• **THE PROBLEM**: In the records below, locate the line containing "Answer: Current to"; output that line and every following line through the last, exactly.

Excerpts from a dataset:

────────────────────

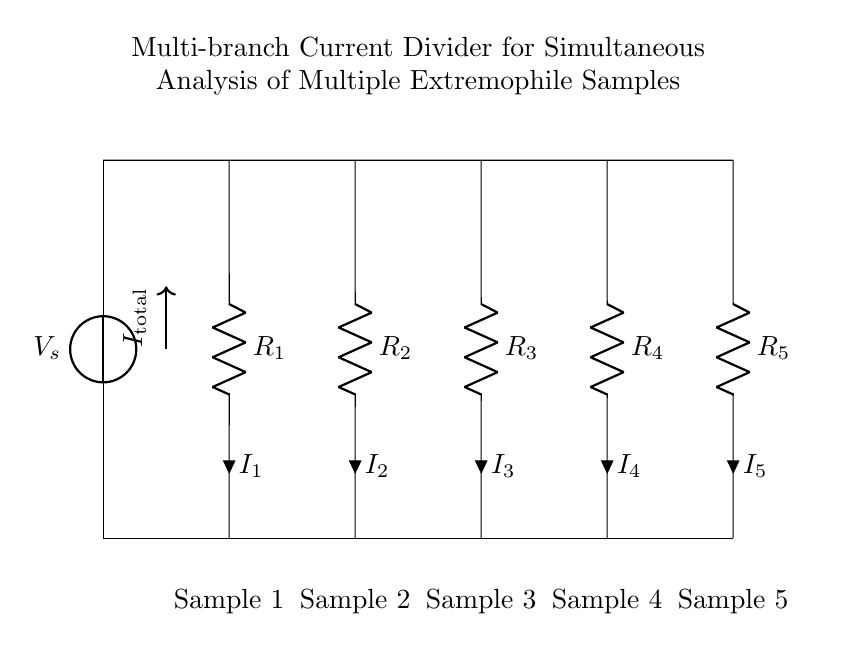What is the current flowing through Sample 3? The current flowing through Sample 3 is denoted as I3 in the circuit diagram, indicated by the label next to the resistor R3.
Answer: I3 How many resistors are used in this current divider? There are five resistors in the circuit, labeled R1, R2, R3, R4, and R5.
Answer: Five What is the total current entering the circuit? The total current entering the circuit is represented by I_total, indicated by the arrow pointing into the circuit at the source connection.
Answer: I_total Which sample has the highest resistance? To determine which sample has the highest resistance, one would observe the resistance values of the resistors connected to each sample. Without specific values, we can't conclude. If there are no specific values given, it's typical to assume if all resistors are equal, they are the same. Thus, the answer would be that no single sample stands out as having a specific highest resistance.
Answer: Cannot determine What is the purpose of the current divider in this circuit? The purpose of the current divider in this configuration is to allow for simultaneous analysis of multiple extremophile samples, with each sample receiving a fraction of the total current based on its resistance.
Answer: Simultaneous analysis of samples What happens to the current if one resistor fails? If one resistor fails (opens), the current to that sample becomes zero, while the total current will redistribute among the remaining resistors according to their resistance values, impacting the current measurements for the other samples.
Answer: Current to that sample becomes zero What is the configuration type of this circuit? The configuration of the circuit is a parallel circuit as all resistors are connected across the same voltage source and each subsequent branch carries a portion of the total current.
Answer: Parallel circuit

────────────────────

• **RESULT**:
Answer: Current to that sample becomes zero What is the configuration type of this circuit? The configuration of the circuit is a parallel circuit as all resistors are connected across the same voltage source and each subsequent branch carries a portion of the total current.
Answer: Parallel circuit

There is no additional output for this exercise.